◆ WORKING DATA:
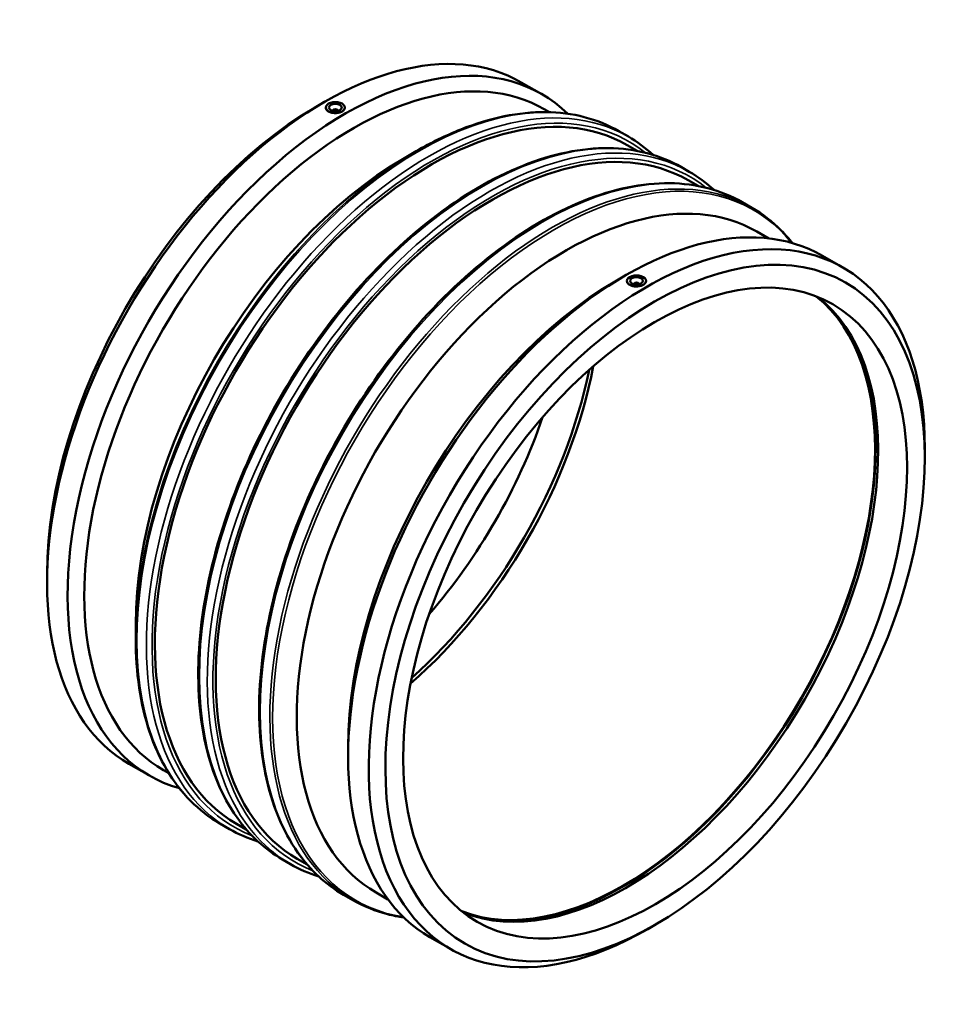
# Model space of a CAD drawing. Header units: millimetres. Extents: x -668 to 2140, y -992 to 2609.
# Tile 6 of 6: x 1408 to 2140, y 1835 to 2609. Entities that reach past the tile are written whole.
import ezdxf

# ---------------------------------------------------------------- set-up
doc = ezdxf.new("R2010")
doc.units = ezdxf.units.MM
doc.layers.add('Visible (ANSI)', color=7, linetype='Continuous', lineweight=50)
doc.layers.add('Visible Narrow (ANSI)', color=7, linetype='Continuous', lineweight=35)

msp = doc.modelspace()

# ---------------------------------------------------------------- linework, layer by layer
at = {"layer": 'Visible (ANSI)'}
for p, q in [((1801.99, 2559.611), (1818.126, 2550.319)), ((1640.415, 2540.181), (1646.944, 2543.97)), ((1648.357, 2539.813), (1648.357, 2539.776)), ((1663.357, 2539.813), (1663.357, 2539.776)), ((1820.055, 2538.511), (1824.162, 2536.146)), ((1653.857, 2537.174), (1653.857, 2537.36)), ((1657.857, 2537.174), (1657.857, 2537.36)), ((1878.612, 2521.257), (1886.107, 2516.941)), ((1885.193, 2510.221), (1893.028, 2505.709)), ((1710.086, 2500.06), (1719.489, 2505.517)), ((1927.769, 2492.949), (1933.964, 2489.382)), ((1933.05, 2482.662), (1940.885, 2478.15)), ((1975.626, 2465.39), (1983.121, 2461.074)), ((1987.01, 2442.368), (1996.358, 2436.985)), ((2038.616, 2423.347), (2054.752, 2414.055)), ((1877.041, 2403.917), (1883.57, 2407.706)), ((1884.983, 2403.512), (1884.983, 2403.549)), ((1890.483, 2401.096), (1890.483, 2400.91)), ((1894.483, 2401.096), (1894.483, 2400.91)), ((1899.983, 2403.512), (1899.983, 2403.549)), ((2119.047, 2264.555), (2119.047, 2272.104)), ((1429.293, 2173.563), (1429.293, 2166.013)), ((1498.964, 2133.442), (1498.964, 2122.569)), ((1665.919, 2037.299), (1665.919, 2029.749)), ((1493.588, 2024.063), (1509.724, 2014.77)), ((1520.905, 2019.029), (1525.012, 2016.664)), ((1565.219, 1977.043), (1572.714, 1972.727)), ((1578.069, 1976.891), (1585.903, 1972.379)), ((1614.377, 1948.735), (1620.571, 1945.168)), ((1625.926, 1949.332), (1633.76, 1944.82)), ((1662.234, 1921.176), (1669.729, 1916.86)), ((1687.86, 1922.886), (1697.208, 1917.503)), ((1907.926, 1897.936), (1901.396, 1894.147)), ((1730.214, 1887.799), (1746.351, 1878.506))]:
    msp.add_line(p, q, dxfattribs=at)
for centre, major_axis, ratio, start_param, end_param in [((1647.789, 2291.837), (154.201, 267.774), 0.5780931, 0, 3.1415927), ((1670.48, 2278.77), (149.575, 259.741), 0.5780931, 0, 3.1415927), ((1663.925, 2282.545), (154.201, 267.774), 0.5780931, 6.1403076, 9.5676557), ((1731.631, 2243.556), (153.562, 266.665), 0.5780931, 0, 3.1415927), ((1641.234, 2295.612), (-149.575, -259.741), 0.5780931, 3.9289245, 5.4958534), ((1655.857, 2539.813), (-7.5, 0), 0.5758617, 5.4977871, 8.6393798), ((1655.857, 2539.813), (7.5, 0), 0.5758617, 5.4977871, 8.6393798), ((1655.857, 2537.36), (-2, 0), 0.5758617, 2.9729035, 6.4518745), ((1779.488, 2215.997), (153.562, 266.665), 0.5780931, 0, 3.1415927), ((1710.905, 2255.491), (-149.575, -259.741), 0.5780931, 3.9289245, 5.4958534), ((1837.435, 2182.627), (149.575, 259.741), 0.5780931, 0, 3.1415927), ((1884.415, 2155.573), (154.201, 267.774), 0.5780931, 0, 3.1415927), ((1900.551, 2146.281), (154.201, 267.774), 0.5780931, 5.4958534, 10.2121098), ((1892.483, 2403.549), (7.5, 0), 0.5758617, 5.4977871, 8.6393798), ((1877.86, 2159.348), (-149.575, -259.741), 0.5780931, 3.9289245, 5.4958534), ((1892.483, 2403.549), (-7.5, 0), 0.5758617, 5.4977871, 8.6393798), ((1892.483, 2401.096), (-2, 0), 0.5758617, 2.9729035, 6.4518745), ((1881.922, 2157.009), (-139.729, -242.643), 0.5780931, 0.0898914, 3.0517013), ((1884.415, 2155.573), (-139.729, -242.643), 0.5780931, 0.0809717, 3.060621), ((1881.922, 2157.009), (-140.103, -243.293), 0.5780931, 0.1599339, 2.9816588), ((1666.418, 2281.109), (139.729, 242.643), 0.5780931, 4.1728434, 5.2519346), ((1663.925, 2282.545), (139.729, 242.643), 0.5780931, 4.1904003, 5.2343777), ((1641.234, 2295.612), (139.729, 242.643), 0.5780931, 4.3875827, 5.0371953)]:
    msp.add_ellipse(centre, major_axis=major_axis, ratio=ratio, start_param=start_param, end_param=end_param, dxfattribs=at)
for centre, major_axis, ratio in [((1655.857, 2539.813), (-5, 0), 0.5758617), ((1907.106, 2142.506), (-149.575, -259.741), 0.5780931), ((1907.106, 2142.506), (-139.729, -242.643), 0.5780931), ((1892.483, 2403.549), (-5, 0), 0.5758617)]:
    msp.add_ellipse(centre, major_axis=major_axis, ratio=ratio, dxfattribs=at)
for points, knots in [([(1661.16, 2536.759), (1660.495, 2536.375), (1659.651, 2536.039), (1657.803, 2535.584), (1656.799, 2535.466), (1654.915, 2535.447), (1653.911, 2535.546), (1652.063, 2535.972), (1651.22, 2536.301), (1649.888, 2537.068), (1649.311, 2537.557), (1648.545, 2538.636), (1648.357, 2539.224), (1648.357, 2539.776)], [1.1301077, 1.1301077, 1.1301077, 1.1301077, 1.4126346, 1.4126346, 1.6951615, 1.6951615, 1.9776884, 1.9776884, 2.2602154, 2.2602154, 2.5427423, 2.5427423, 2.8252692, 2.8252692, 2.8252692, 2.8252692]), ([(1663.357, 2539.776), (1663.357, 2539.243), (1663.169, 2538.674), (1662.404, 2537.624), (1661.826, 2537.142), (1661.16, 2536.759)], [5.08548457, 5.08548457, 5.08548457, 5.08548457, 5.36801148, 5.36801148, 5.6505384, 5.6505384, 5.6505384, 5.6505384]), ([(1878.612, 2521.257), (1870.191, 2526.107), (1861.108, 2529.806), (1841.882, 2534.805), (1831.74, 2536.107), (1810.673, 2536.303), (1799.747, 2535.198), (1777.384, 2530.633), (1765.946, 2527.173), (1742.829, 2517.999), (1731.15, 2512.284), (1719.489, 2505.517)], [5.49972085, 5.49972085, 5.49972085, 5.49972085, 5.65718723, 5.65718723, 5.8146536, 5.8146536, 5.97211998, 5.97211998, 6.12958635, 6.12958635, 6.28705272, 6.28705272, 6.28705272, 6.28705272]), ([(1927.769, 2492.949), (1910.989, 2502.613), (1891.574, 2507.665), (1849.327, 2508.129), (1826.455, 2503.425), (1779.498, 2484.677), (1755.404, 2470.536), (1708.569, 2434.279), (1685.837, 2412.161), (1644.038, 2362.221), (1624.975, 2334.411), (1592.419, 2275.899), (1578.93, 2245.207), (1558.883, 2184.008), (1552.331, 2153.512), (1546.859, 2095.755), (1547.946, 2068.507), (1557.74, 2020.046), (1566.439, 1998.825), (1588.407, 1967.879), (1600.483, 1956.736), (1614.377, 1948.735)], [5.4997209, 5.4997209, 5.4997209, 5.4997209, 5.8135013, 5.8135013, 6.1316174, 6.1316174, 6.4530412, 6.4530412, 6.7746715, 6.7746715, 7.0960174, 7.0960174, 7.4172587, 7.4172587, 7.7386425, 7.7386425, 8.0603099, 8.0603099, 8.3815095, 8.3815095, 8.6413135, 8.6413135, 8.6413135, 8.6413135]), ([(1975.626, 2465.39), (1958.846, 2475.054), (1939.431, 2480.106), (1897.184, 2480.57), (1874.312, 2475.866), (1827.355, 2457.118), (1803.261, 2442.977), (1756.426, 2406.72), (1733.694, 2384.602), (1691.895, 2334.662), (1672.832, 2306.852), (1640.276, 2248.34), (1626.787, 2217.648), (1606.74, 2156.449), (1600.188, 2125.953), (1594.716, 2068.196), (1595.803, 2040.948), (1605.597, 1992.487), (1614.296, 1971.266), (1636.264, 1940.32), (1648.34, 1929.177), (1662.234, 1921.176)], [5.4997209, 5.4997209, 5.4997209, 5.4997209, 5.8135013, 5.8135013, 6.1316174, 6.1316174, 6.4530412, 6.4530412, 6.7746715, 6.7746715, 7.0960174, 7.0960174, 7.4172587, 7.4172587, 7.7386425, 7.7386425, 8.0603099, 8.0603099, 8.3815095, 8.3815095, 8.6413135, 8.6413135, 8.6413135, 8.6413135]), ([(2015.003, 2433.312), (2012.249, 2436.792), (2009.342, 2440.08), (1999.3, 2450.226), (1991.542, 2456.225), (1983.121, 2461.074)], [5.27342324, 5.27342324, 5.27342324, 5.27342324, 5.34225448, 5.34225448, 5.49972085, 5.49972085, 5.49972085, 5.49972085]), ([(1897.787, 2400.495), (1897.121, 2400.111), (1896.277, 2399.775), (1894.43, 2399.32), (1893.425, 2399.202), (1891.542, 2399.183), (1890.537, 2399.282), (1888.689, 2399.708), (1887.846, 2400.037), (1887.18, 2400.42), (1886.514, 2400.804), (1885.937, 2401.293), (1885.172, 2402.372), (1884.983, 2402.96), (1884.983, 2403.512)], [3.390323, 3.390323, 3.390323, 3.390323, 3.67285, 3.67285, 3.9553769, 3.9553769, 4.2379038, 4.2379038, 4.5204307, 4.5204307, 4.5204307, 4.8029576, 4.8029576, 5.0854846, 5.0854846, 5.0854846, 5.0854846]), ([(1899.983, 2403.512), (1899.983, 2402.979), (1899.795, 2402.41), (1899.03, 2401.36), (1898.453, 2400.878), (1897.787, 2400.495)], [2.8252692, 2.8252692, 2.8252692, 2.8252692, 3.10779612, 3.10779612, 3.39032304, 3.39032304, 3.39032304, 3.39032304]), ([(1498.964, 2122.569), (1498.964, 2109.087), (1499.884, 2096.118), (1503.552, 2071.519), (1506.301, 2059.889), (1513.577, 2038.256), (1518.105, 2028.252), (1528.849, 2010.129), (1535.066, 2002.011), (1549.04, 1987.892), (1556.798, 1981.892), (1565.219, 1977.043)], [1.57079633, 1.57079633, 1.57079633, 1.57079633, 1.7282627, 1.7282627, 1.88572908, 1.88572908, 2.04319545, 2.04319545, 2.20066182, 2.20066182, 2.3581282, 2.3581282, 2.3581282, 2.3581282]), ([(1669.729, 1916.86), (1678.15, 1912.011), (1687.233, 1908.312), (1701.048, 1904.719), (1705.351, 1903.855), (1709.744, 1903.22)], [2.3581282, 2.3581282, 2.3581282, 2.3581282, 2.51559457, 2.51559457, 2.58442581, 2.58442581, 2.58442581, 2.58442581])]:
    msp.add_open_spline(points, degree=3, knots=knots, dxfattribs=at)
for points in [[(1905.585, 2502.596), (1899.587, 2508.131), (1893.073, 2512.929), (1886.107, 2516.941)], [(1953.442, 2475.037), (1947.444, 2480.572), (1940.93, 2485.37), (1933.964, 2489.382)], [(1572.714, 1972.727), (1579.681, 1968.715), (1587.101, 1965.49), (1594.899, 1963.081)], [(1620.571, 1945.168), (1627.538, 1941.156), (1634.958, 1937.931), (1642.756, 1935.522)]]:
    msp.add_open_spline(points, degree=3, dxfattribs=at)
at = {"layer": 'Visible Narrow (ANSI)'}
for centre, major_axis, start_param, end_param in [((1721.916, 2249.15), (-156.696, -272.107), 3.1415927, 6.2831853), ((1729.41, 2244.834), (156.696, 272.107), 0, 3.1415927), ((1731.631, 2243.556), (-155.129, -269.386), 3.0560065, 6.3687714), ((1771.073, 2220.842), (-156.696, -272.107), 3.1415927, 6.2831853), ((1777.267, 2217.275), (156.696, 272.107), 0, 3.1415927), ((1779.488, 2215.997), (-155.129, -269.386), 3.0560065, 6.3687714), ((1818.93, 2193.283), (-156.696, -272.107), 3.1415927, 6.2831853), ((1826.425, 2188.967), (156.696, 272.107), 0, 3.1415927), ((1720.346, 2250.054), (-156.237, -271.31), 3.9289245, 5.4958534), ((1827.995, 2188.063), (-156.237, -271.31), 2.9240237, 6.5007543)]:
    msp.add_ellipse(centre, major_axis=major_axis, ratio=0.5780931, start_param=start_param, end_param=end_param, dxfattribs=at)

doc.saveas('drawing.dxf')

◆ WHAT YOU NEED TO DO: What is needed is an exact copy of each line from the top of the data above through the line containing "msp.add_line(p, q, dxfattribs=at)", with no pictures.

◆ TASK SOLUTION:
# Model space of a CAD drawing. Header units: millimetres. Extents: x -668 to 2140, y -992 to 2609.
# Tile 6 of 6: x 1408 to 2140, y 1835 to 2609. Entities that reach past the tile are written whole.
import ezdxf

# ---------------------------------------------------------------- set-up
doc = ezdxf.new("R2010")
doc.units = ezdxf.units.MM
doc.layers.add('Visible (ANSI)', color=7, linetype='Continuous', lineweight=50)
doc.layers.add('Visible Narrow (ANSI)', color=7, linetype='Continuous', lineweight=35)

msp = doc.modelspace()

# ---------------------------------------------------------------- linework, layer by layer
at = {"layer": 'Visible (ANSI)'}
for p, q in [((1801.99, 2559.611), (1818.126, 2550.319)), ((1640.415, 2540.181), (1646.944, 2543.97)), ((1648.357, 2539.813), (1648.357, 2539.776)), ((1663.357, 2539.813), (1663.357, 2539.776)), ((1820.055, 2538.511), (1824.162, 2536.146)), ((1653.857, 2537.174), (1653.857, 2537.36)), ((1657.857, 2537.174), (1657.857, 2537.36)), ((1878.612, 2521.257), (1886.107, 2516.941)), ((1885.193, 2510.221), (1893.028, 2505.709)), ((1710.086, 2500.06), (1719.489, 2505.517)), ((1927.769, 2492.949), (1933.964, 2489.382)), ((1933.05, 2482.662), (1940.885, 2478.15)), ((1975.626, 2465.39), (1983.121, 2461.074)), ((1987.01, 2442.368), (1996.358, 2436.985)), ((2038.616, 2423.347), (2054.752, 2414.055)), ((1877.041, 2403.917), (1883.57, 2407.706)), ((1884.983, 2403.512), (1884.983, 2403.549)), ((1890.483, 2401.096), (1890.483, 2400.91)), ((1894.483, 2401.096), (1894.483, 2400.91)), ((1899.983, 2403.512), (1899.983, 2403.549)), ((2119.047, 2264.555), (2119.047, 2272.104)), ((1429.293, 2173.563), (1429.293, 2166.013)), ((1498.964, 2133.442), (1498.964, 2122.569)), ((1665.919, 2037.299), (1665.919, 2029.749)), ((1493.588, 2024.063), (1509.724, 2014.77)), ((1520.905, 2019.029), (1525.012, 2016.664)), ((1565.219, 1977.043), (1572.714, 1972.727)), ((1578.069, 1976.891), (1585.903, 1972.379)), ((1614.377, 1948.735), (1620.571, 1945.168)), ((1625.926, 1949.332), (1633.76, 1944.82)), ((1662.234, 1921.176), (1669.729, 1916.86)), ((1687.86, 1922.886), (1697.208, 1917.503)), ((1907.926, 1897.936), (1901.396, 1894.147)), ((1730.214, 1887.799), (1746.351, 1878.506))]:
    msp.add_line(p, q, dxfattribs=at)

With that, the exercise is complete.